Frank Johnson wrote:
"Chris L Peterson" wrote in message
...

On Sat, 07 Jan 2006 16:16:24 GMT, "Frank Johnson"
wrote:

While it's true that webcams are doing wonders for certain types of

seeing,
in many areas of the US during the Wintertime, the jetstream is

constantly
overhead and even a webcam cannot undo this blurring.


The problem here is the scale length of the jet stream turbulence is
shorter and it is moving past your aperture a lot faster. In principle
if you could freeze the seeing you would eventually get some lucky
frames but the problem is that a webcam isn't fast enough to do it.

these new adaptive optics scopes, like the new pro scope used for solar
imaging, which also incorporate speckle imaging and reconstruction- why
nothing for amateurs? Couldn't blurring of frames (caused by high
jetstreams) be deblurred or "reconstructed" so blurring is minimized.


Speckle is only realistic on apertures of 0.5m and above and requires
narrow bandpass filters to do it. It should be within the abilities of
amateurs to do now on bright stars but I don't know of anyone doing it.

programs that can do this or maybe jetstream effects still can't be truly
nullified.


It is better to get good data in the first place.

Deconvolution techniques can help to reconstruct distorted images, but
there is no certain way to determine just where any given photon came
from. Deconvolution is a sort of educated guess, but it frequently
produces invalid data- and there is no getting around that problem.

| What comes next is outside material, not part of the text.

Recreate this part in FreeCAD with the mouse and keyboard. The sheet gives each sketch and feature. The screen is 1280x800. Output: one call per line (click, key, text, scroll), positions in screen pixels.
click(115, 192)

It is probably better to say that deconvolution attempts to produces a
representation of what the sky brightness looked like before it was
convolved with your instrumental response function. It is valid in the
sense that what it produces when blurred would look like your
observational data to within the measurement noise. But there are many
such images that meet these requirements and choosing a suitably
represenative one is fraught with difficulty.

Serious problems will arise if you ask the wrong question of your data.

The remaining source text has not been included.